Yıllar önce, maya iki hibrid (Y2H) iki protein 8 arasındaki etkileşimi saptamak için geliştirilmiştir. Bununla birlikte, erimiş proteinleri yapay bir yapı için, yanlış pozitif sonuçlar, bu yöntemin uygulanmasını sınırlamıştır. Uzun bir süre, ko-immünopresipitasyon özellikle endojen koşullarda 9, protein-protein etkileşimleri analiz etmek ana tekniktir. Süper hassasiyet ve kesinlik arzu edildiğinde kütle spektrometresi kullanılır ise birlikte imüno-çökeltilmiştir protein kompleksi analiz etmek için, Batı benek, en uygun bir tekniktir. Son yıllarda, proksimite ligasyonu deney yerinde 10,11 hem hücre ve dokularda protein-protein etkileşimlerini tespit etmek için yeni bir yöntem olarak geliştirilmiştir.

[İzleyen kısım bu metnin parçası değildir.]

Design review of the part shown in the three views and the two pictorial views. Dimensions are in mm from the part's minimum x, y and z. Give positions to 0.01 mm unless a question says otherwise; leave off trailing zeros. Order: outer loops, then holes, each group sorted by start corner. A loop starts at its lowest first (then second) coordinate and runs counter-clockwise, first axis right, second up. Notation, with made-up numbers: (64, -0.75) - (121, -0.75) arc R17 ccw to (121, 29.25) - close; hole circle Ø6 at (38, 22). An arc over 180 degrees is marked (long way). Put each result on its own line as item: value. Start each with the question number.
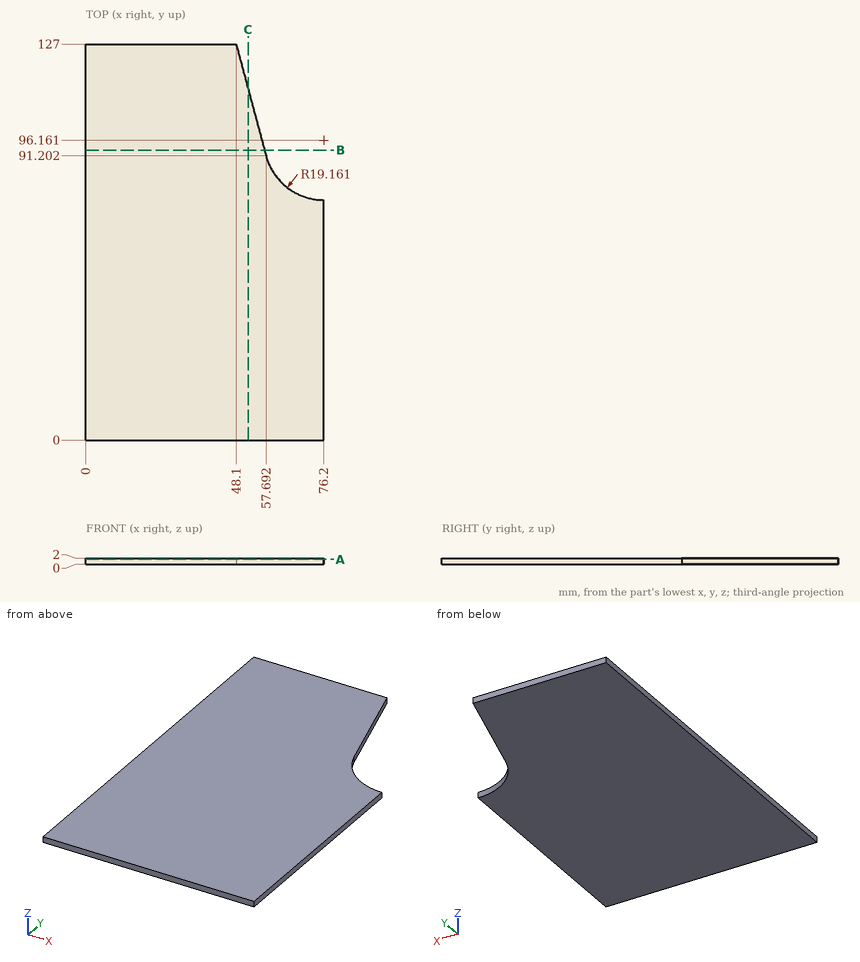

Burada, NF9 yakalayan en popüler ko-immünopresipitasyon yöntemi ve nispeten yeni yakınlık ligasyonu tahlil yöntemi karşılaştırıldısub-hücresel fraksiyonlarında, 0 RBM3 etkileşimi. Biz de avantajları ve her iki tekniğin sınırlamaları tartışılmıştır.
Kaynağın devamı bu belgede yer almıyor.